Tuck Bridge Stories: Jodi Ann Wang

Tuck Bridge Stories: Jodi Ann Wang

Jodi Ann Wang is an International Relations major at Kenyon College. She attended Bridge in summer of 2018.


For a month of my summer this year, I participated in a four-week intensive mini-MBA program at the Tuck School of Business at Dartmouth College. Here are some reflections on one of the most academically rigorous and intellectually challenging months of my academic career:

As an international studies major, I’ve always underestimated the intersectionality between the world of business and international development. My original goal with coming to Bridge was to be financially literate so I can help those in low-income countries become self-sufficient through entrepreneurship. Yet, Bridge offered me so much more. It opened me up to new possibilities and opportunities to network with like-minded professionals who can provide me with a platform to turn my goals into a reality.

Like most of the home institutions of Bridge participants, Kenyon, as a liberal arts college, is absent from a business program. Just like its name, the Tuck Bridge program helped “bridge” the gap and pave the road between a liberal arts degree and the skills needed to thrive in the business world. Whether it is taking what we learned in classes such as Accounting, Corporate Finance, Marketing Strategy and applying it to our corporate valuation project, or editing and re-editing our resumes so we can better market ourselves to recruiters, Bridge provided us an opportunity to challenge ourselves and discover our inner potential that we may have never realized before.

Each day begins at 8:30 AM and is generally composed of four 80-minute lectures and intersected with 20-minute breaks in between each. Core classes such as Accounting, Spreadsheet Modeling, and Corporate Finance can have up to nine lectures while additional sessions such as Negotiations, Organizational Behavior, and Entrepreneurship occupy one to two classes. In the evening, our schedule is booked for study group sessions. My study group met every night for at least one hour to work through homework assignments, catch up on our day, and plan for the next. While some days are long, the weeks flew by quickly.

I distinctly remember sitting with my fellow group members in our study room during our first study group session, having the same mixed emotions of confusion, excitement, and nervousness as I did during freshman orientation in college.
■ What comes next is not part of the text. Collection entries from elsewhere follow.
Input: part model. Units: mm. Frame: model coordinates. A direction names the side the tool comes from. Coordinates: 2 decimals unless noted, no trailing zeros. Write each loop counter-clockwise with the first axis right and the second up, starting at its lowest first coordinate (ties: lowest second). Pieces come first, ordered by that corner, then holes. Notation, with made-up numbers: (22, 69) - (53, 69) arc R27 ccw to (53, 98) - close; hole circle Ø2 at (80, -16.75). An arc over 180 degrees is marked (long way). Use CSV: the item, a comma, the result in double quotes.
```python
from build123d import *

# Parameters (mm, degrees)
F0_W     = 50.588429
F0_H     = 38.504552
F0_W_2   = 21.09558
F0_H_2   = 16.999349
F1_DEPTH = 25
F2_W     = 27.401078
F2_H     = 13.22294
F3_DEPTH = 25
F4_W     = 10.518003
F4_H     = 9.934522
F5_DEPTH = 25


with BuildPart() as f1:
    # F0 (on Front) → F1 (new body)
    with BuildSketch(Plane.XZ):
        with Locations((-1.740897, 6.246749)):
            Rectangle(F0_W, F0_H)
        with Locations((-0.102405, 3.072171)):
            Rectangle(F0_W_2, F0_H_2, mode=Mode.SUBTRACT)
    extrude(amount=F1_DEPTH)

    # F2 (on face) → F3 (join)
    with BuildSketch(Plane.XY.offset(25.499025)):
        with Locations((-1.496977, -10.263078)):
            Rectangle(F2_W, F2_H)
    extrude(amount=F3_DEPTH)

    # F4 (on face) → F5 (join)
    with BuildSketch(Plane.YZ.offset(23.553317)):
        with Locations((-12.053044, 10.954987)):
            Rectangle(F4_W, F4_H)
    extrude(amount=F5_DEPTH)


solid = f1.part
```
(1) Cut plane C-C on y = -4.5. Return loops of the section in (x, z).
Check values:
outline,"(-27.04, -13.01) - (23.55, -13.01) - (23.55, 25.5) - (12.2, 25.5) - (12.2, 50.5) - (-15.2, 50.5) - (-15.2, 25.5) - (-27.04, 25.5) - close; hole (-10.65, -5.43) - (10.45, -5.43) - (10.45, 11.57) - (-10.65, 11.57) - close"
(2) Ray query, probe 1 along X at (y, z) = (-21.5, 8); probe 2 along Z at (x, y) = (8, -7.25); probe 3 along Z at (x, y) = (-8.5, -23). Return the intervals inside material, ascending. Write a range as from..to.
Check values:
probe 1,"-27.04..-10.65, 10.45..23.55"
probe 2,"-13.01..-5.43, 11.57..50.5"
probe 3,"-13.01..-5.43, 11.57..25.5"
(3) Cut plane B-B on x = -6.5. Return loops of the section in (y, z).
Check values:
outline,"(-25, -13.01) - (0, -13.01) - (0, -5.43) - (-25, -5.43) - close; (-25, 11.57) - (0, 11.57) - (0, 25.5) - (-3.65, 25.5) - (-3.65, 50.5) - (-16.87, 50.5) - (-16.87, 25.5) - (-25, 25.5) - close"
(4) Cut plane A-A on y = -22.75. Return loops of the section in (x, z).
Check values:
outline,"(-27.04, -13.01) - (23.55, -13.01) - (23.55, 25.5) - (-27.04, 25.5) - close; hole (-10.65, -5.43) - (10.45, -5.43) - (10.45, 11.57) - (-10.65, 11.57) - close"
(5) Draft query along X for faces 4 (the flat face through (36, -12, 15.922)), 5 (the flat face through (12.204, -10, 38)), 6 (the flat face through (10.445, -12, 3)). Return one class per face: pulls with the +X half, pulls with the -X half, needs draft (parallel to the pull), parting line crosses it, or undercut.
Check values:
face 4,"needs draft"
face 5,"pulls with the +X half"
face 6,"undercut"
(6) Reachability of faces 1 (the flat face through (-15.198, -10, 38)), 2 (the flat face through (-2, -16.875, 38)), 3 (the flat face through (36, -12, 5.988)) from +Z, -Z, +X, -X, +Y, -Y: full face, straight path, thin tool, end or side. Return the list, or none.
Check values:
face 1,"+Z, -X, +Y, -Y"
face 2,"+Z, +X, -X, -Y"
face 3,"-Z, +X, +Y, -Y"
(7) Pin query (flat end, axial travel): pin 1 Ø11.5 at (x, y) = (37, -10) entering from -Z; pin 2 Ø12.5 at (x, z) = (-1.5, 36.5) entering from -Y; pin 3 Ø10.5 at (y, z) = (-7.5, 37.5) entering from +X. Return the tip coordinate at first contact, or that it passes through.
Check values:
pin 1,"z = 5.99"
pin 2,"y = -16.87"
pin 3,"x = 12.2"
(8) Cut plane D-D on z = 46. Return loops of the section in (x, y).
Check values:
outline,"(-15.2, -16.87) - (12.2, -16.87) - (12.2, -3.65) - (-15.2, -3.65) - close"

Accounting vocabulary seemed like a foreign language to me, and spreadsheet modeling felt like the struggle to untangle a pair of wired headphones. But as we moved forward with the program, the challenging curriculum became a norm, and most amazingly, I was standing in front of panels of industry professionals before I could even process how I mysteriously understood MarkStrat, the process to do a DCF analysis, or marketing analysis.
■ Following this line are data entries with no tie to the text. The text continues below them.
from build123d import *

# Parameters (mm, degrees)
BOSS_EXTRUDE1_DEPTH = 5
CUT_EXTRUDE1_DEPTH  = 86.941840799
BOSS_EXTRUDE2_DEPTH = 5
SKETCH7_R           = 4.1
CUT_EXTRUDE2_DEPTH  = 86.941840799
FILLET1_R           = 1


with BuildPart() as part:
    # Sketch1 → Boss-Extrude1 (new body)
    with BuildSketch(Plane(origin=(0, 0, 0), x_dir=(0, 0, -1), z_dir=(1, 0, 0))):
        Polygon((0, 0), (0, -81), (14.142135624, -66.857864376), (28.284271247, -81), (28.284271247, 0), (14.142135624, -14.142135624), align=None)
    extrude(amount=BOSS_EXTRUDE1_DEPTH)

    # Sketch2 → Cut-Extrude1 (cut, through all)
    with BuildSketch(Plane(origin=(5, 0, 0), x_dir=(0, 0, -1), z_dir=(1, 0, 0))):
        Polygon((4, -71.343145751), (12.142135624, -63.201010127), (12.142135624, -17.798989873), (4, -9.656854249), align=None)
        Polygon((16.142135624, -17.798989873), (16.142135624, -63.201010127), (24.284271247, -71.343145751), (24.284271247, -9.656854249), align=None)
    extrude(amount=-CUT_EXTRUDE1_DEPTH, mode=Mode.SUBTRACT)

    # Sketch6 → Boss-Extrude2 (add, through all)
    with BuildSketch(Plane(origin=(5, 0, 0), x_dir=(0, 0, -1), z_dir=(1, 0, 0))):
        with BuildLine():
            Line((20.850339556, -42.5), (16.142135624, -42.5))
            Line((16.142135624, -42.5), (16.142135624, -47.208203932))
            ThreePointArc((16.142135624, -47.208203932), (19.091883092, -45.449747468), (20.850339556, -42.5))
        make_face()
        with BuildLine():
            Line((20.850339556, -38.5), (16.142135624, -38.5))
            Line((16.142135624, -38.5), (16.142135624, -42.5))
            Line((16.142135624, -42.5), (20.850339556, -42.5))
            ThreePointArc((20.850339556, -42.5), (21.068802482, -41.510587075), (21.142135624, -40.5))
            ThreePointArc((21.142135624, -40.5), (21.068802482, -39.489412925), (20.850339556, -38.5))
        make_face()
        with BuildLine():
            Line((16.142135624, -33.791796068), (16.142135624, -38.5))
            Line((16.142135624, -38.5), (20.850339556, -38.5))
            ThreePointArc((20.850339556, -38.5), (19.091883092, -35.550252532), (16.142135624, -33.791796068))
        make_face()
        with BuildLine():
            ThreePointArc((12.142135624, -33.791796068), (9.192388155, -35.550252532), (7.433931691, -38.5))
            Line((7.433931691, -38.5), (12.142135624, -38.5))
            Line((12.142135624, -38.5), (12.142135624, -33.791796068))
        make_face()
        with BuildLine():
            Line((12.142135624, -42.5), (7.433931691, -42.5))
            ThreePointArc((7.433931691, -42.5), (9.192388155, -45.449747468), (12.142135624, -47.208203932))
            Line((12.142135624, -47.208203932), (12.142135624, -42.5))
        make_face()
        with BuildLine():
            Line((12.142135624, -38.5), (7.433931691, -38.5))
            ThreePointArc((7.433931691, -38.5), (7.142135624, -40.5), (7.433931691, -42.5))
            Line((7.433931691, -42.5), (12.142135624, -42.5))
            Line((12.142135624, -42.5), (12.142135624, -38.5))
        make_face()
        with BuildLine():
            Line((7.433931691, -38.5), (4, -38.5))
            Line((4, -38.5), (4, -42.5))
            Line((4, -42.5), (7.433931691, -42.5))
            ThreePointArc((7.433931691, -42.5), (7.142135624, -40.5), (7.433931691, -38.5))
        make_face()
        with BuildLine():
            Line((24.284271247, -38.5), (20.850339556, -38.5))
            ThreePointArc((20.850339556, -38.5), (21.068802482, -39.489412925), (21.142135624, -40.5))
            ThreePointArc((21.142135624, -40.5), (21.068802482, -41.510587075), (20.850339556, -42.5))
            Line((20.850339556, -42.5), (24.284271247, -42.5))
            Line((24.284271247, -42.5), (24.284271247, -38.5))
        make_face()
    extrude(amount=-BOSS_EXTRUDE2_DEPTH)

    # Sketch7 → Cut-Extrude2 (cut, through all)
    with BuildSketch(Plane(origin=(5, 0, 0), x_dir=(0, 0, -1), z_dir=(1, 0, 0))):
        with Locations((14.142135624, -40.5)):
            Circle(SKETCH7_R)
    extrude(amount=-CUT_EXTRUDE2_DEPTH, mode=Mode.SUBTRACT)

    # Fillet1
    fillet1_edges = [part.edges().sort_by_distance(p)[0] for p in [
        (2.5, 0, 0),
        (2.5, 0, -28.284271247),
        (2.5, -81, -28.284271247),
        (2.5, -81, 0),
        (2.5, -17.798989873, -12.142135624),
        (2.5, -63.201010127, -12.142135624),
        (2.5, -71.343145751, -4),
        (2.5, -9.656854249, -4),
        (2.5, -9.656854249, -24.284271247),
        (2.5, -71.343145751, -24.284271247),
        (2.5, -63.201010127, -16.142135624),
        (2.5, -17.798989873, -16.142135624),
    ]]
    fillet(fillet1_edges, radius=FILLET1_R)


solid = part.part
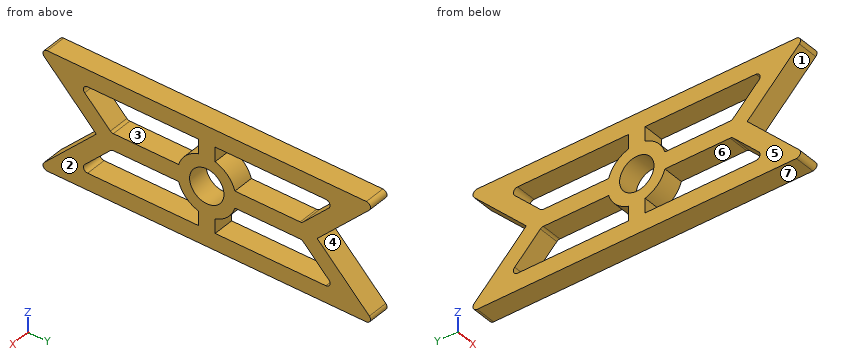
Design review of the part built by this model. Coordinates are the model's own, in mm. Face numbers are marked on the shaded views. A direction names the side the tool comes from. Give positions to 0.01 mm unless a question says otherwise; leave off trailing zeros. Loops run counter-clockwise (first coordinate to the right, second up) from the corner with the lowest first, then second, coordinate; pieces in that order, holes last. Notation, with made-up numbers: (78.25, -3) - (126.25, -3) arc R25 cw to (126.25, 29) - close; hole circle Ø11 at (-39, -14). An arc over 180 degrees is marked (long way). Use CSV: the item, a comma, the result in double quotes. Start each with the question number.
1. Add section B-B (y = -40.5). State the section outline as (x, z) points, plus the area to 3 significant figures.
2. Add section C-C (z = -17.5). State the section outline as (x, y) points.
3. Draft analysis for pull direction Z (two halves, no side actions). For the marked faces 5, 6 and 7, state which applies: released by +Z, released by -Z, zero draft, split by the parting line, or undercut.
4. Machinability: for the marked faces 1, 2, 3 and 4, which of the approach directions +Z, -Z, +X, -X, +Y, -Y give a long, thin tool a straight path to every point of the face, cutting with its end or side? Answer none if there is none.
5. Add section A-A (y = -58). State the section outline as (x, z) points, plus the area to 3 significant figures.
6. Wall thickness on L1, parallel to Z at x = 4.1, y = -26; L2, parallel to Y at x = 1.35, z = -11.5; L3, parallel to Y at x = 1.6, z = -19.5: over which ranges is each line inside the solid? List them lowest first.
7. Insertion check: P1, Ø1.5, axis at x = 2.5, z = -7, coming from the +Y side; P2, Ø2.5, axis at x = 2, z = -5.5, coming from the -Y side; P3, Ø1.7, axis at x = 3.5, z = -6, coming from the +Y side; P4, Ø4, axis at y = -26.5, z = -18.5, coming from the -X side. Each pin has a flat end and moves straight along its axis. Give the tip position at first contact, or say it passes through.
8. Add section D-D (x = 1.55). Count the separate pieces of the cut face and the enclosed holes in it, plus the area to 3 significant figures.
Results found:
1,outline,"(0, -28.28) - (5, -28.28) - (5, -18.24) - (0, -18.24) - close; (0, -10.04) - (5, -10.04) - (5, 0) - (0, 0) - close"
1,area,"100 mm²"
2,outline,"(0, -70.22) - (5, -70.22) - (5, -64.56) - (0, -64.56) - close; (0, -46.64) - (5, -46.64) - (5, -42.85) - (0, -42.85) - close; (0, -38.15) - (5, -38.15) - (5, -34.36) - (0, -34.36) - close; (0, -16.44) - (5, -16.44) - (5, -10.78) - (0, -10.78) - close"
3,face 5,"zero draft"
3,face 6,"undercut"
3,face 7,"released by -Z"
4,face 1,"+X, -X, -Y"
4,face 2,"+Z, -Z, +X, +Y, -Y"
4,face 3,"+X, -X"
4,face 4,"+X, -X, +Y"
5,outline,"(0, -28.28) - (5, -28.28) - (5, -24.28) - (0, -24.28) - close; (0, -16.14) - (5, -16.14) - (5, -12.14) - (0, -12.14) - close; (0, -4) - (5, -4) - (5, 0) - (0, 0) - close"
5,area,"60.0 mm²"
6,L1,"z = -28.28 to -24.28, -16.14 to -12.14, -4 to 0"
6,L2,"y = -69.5 to -63.84, -46.98 to -43.64, -37.36 to -34.02, -17.16 to -11.5"
6,L3,"y = -72.22 to -66.56, -45 to -36, -14.44 to -8.78"
7,P1,"stops at y = -6.25"
7,P2,"stops at y = -76.75"
7,P3,"stops at y = -5.15"
7,P4,"passes through"
8,separate pieces,"1"
8,enclosed holes,"5"
8,area,"1,090 mm²"

The study group format allowed me to actively engage in my learning in the environment of five like-minded individuals, and that maximized the efficiency and results. Each night I returned back to my room feeling accomplished, ready for the next day. This style of absorbing class material is something I can bring back to Kenyon and further incorporate into my studies in the near future.

Bridge was not only a process to absorb knowledge but a multi-channel "bridge" that actively encouraged me to apply such knowledge into the greater space of different areas of business whether through homework of real-life case studies or the final corporate valuation project. Bridge was a challenge and a reward. It is something that has opened my eyes to further possibilities that will assist me in making my academic goals at Kenyon a reality.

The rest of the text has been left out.